Given the list of up to 15 lines that the plotter must put on the paper, return the minimum time it takes to plot the given lines, in milliseconds. The plotter's pen starts at the coordinates (0,0), and after drawing all the lines, must return to (0,0). Note that the plotter cannot draw partial lines. Each element of lines will be in the form "x1 y1 x2 y2". This represents a line from point (x1,y1) to point (x2,y2). It takes 0 time to lower the pen down on the paper, and to raise it off the paper.

Example[edit]

lines = {"0 0 5 5", "5 5 0 5", "0 100 0 4"}

The best path first draws the line from (0,0) to (5,5). Since both motors can move at top speed, this line takes 5 milliseconds to draw. Without even picking up the pen, we can draw the line from (5,5) to (0,5) in 5 milliseconds. Finally, to draw the final line, we lift the pen, go all the way up to (0,100), and draw the line to (0,4). This adds 95 + 96 = 191 milliseconds. Finally, we lift the pen and move back to (0,0), adding an additional 4 milliseconds. The total time is 5 + 5 + 95 + 96 + 4 = 205 milliseconds.

Analysis[edit]

This problem is essentially asking us to find the best possible ordering of the lines, and to return the time it would take to draw them in this order. No matter what ordering we choose, the amount of time actually spent drawing the lines will be the same -- all that differs is the time it takes to get from the end of one line to the beginning of another. As for any problem, we should first examine the brute force solution to see if it is feasible. There can be up to 15 lines, which means there are 15! ways in which to order them. This would take far longer than the allowed time to compute, even if we forget the fact that each line can be drawn either forward or backward, which multiplies our previous total by 2^15. Clearly, we must find another approach.

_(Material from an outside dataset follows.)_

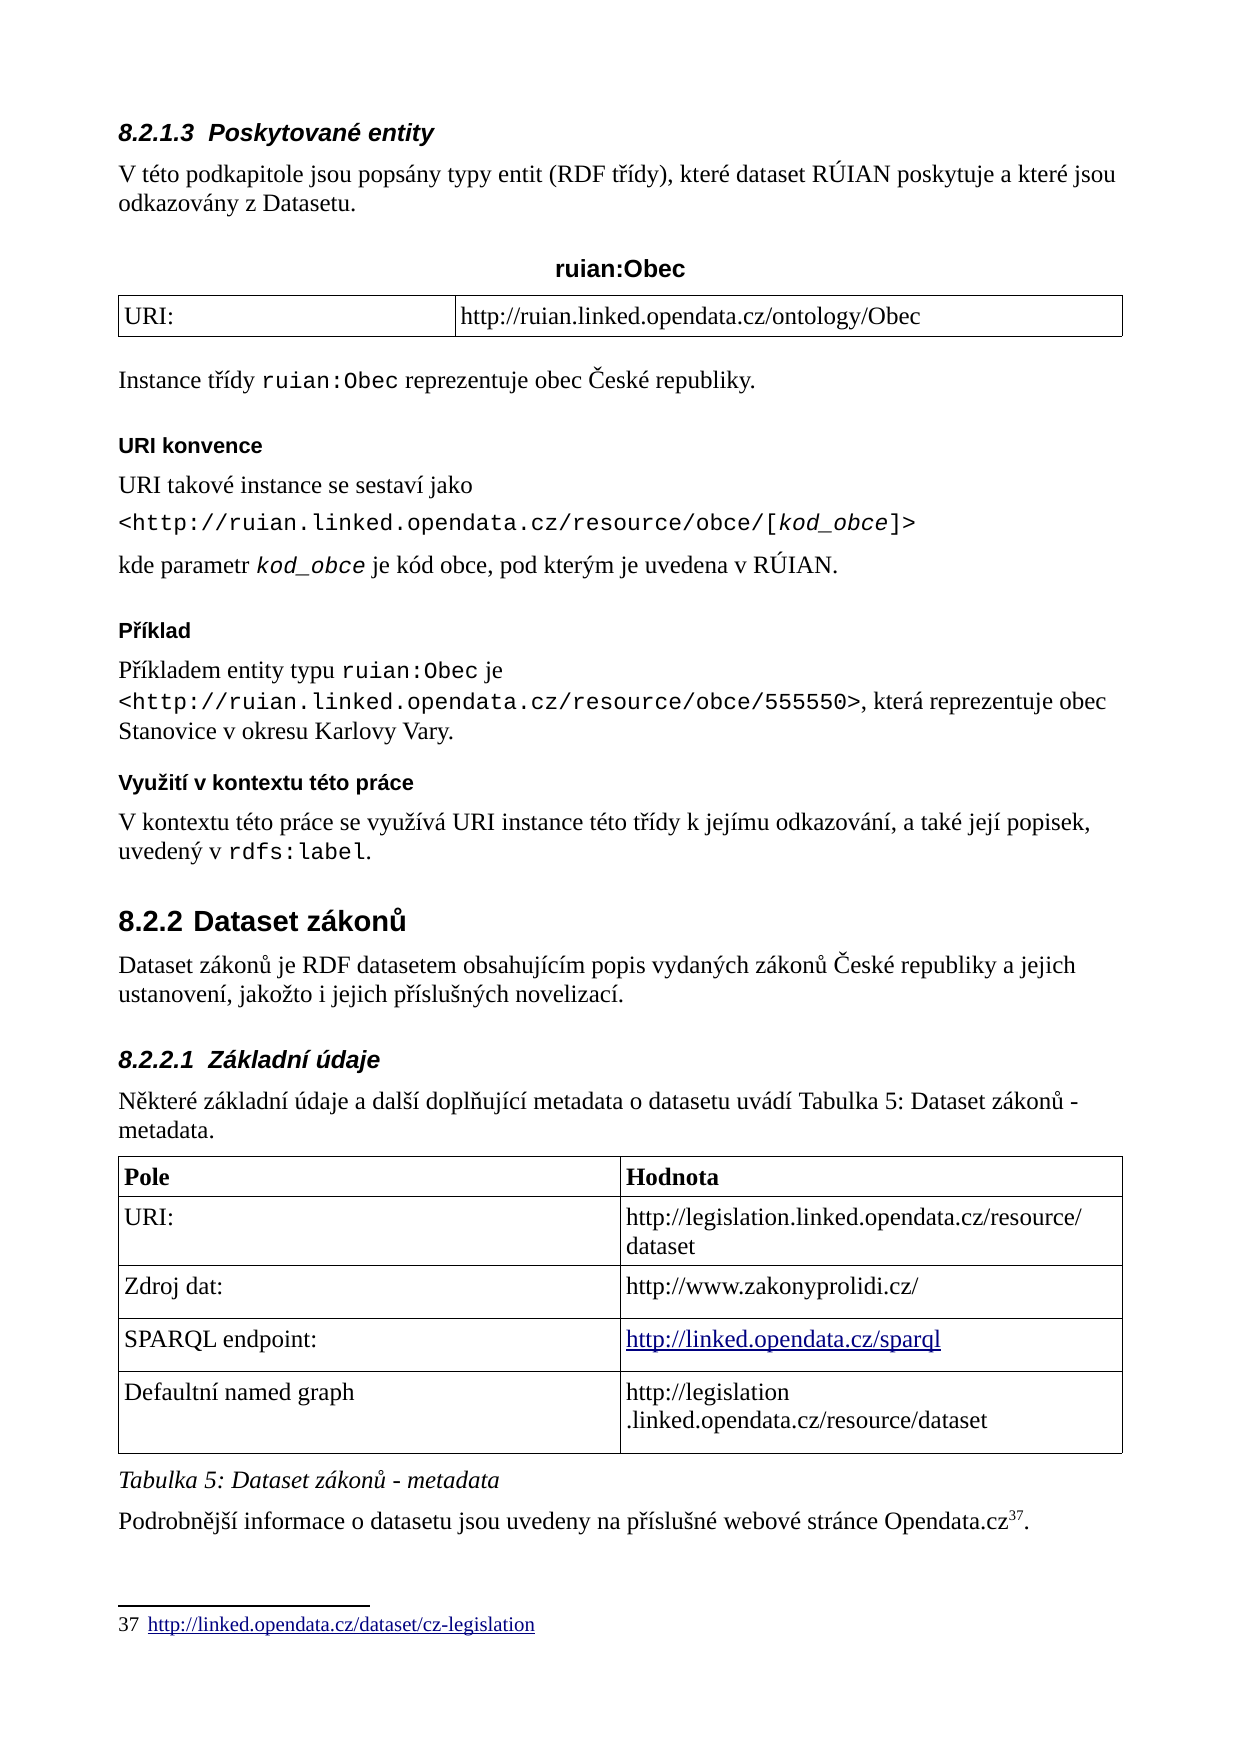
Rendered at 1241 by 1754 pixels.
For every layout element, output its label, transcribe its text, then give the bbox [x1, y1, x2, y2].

Now let's examine the question from a simulation point of view. Say we already have some of the lines drawn, and are trying to figure out how much longer it will take to draw the rest of the picture. In this case, we are only concerned with two things: our current position on the paper, and which lines we have left to draw. For each line that we haven't yet drawn, we try drawing it both forward and backward, calling the function recursively. Our pseudocode would look something like this:

Function HowMuchLonger(CurrentPos, LinesLeft):
  For each line left to draw:
    Let P1 and P2 be this line's start and end points.
    Let T1 = GetTime(CurrentPos, P1) + GetTime(P1, P2) + HowMuchLonger(P2, LinesLeft)
    Let T2 = GetTime(CurrentPos, P2) + GetTime(P2, P1) + HowMuchLonger(P1, LinesLeft)
    If T1 or T2 is smaller than our best time found, update the best time.
  Return the best time found so far.